**What is expected:**
Transcribe the full listing exactly.

**Excerpted data:**
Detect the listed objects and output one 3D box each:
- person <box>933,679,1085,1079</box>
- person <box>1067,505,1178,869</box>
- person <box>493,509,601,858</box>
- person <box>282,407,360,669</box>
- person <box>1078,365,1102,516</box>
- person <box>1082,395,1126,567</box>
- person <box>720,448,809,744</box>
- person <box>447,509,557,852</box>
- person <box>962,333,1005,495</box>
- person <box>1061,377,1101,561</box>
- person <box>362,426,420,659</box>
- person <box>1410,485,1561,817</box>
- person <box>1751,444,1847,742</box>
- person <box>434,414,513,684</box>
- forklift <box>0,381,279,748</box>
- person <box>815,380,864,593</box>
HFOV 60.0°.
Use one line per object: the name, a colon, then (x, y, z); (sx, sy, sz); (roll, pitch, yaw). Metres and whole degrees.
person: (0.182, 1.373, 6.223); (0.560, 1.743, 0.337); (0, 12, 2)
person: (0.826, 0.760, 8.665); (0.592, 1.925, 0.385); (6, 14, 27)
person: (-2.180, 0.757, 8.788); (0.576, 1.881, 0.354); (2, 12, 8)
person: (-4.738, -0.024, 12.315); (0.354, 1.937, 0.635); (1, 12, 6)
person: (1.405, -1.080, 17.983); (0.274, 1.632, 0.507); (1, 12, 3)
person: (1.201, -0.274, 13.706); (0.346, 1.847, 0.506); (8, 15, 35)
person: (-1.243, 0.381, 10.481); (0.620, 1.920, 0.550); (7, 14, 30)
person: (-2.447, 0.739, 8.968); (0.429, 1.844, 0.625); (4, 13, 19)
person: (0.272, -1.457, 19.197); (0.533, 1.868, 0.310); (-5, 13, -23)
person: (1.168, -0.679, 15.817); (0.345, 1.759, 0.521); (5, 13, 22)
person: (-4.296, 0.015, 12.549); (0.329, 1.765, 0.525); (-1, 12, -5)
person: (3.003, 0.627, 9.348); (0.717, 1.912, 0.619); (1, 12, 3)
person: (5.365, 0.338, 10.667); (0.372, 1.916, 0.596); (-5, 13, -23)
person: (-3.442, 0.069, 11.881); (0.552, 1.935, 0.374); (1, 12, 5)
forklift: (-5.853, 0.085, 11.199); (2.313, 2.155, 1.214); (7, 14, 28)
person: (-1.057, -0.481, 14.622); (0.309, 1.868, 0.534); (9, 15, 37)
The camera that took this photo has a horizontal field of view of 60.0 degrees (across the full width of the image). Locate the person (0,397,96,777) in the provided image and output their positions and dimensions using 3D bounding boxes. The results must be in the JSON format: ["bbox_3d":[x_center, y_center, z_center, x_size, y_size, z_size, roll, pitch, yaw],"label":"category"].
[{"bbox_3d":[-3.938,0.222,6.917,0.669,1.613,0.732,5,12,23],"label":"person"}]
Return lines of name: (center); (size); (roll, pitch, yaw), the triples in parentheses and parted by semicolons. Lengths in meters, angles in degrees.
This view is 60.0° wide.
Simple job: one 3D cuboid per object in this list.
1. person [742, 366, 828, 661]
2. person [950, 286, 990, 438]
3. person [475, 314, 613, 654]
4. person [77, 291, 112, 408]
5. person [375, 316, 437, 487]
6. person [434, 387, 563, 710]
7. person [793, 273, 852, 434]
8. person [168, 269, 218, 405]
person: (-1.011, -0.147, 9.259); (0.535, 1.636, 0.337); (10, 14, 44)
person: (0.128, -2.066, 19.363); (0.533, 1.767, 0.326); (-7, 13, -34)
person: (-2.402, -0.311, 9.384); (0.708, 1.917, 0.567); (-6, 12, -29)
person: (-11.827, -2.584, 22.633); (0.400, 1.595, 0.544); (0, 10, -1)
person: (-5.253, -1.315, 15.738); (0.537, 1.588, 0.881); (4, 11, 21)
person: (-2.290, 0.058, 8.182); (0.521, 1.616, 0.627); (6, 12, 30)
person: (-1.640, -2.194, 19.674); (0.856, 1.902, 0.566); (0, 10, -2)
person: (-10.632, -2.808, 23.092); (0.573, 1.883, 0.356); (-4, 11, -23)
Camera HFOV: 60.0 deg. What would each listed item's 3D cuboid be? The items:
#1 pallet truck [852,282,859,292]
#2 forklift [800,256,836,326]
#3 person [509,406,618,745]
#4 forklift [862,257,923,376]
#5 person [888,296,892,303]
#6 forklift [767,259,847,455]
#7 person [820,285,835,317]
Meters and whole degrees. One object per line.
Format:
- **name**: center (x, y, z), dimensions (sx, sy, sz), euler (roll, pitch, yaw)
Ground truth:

**Response for this exercise:**
Detect the listed objects and output one 3D box each:
- person <box>933,679,1085,1079</box>
- person <box>1067,505,1178,869</box>
- person <box>493,509,601,858</box>
- person <box>282,407,360,669</box>
- person <box>1078,365,1102,516</box>
- person <box>1082,395,1126,567</box>
- person <box>720,448,809,744</box>
- person <box>447,509,557,852</box>
- person <box>962,333,1005,495</box>
- person <box>1061,377,1101,561</box>
- person <box>362,426,420,659</box>
- person <box>1410,485,1561,817</box>
- person <box>1751,444,1847,742</box>
- person <box>434,414,513,684</box>
- forklift <box>0,381,279,748</box>
- person <box>815,380,864,593</box>
HFOV 60.0°.
Use one line per object: the name, a colon, then (x, y, z); (sx, sy, sz); (roll, pitch, yaw). Metres and whole degrees.
person: (0.182, 1.373, 6.223); (0.560, 1.743, 0.337); (0, 12, 2)
person: (0.826, 0.760, 8.665); (0.592, 1.925, 0.385); (6, 14, 27)
person: (-2.180, 0.757, 8.788); (0.576, 1.881, 0.354); (2, 12, 8)
person: (-4.738, -0.024, 12.315); (0.354, 1.937, 0.635); (1, 12, 6)
person: (1.405, -1.080, 17.983); (0.274, 1.632, 0.507); (1, 12, 3)
person: (1.201, -0.274, 13.706); (0.346, 1.847, 0.506); (8, 15, 35)
person: (-1.243, 0.381, 10.481); (0.620, 1.920, 0.550); (7, 14, 30)
person: (-2.447, 0.739, 8.968); (0.429, 1.844, 0.625); (4, 13, 19)
person: (0.272, -1.457, 19.197); (0.533, 1.868, 0.310); (-5, 13, -23)
person: (1.168, -0.679, 15.817); (0.345, 1.759, 0.521); (5, 13, 22)
person: (-4.296, 0.015, 12.549); (0.329, 1.765, 0.525); (-1, 12, -5)
person: (3.003, 0.627, 9.348); (0.717, 1.912, 0.619); (1, 12, 3)
person: (5.365, 0.338, 10.667); (0.372, 1.916, 0.596); (-5, 13, -23)
person: (-3.442, 0.069, 11.881); (0.552, 1.935, 0.374); (1, 12, 5)
forklift: (-5.853, 0.085, 11.199); (2.313, 2.155, 1.214); (7, 14, 28)
person: (-1.057, -0.481, 14.622); (0.309, 1.868, 0.534); (9, 15, 37)
The camera that took this photo has a horizontal field of view of 60.0 degrees (across the full width of the image). Locate the person (0,397,96,777) in the provided image and output their positions and dimensions using 3D bounding boxes. The results must be in the JSON format: ["bbox_3d":[x_center, y_center, z_center, x_size, y_size, z_size, roll, pitch, yaw],"label":"category"].
[{"bbox_3d":[-3.938,0.222,6.917,0.669,1.613,0.732,5,12,23],"label":"person"}]
Return lines of name: (center); (size); (roll, pitch, yaw), the triples in parentheses and parted by semicolons. Lengths in meters, angles in degrees.
This view is 60.0° wide.
Simple job: one 3D cuboid per object in this list.
1. person [742, 366, 828, 661]
2. person [950, 286, 990, 438]
3. person [475, 314, 613, 654]
4. person [77, 291, 112, 408]
5. person [375, 316, 437, 487]
6. person [434, 387, 563, 710]
7. person [793, 273, 852, 434]
8. person [168, 269, 218, 405]
person: (-1.011, -0.147, 9.259); (0.535, 1.636, 0.337); (10, 14, 44)
person: (0.128, -2.066, 19.363); (0.533, 1.767, 0.326); (-7, 13, -34)
person: (-2.402, -0.311, 9.384); (0.708, 1.917, 0.567); (-6, 12, -29)
person: (-11.827, -2.584, 22.633); (0.400, 1.595, 0.544); (0, 10, -1)
person: (-5.253, -1.315, 15.738); (0.537, 1.588, 0.881); (4, 11, 21)
person: (-2.290, 0.058, 8.182); (0.521, 1.616, 0.627); (6, 12, 30)
person: (-1.640, -2.194, 19.674); (0.856, 1.902, 0.566); (0, 10, -2)
person: (-10.632, -2.808, 23.092); (0.573, 1.883, 0.356); (-4, 11, -23)
Camera HFOV: 60.0 deg. What would each listed item's 3D cuboid be? The items:
#1 pallet truck [852,282,859,292]
#2 forklift [800,256,836,326]
#3 person [509,406,618,745]
#4 forklift [862,257,923,376]
#5 person [888,296,892,303]
#6 forklift [767,259,847,455]
#7 person [820,285,835,317]
Meters and whole degrees. One object per line.
Format:
- **name**: center (x, y, z), dimensions (sx, sy, sz), euler (roll, pitch, yaw)
Ground truth:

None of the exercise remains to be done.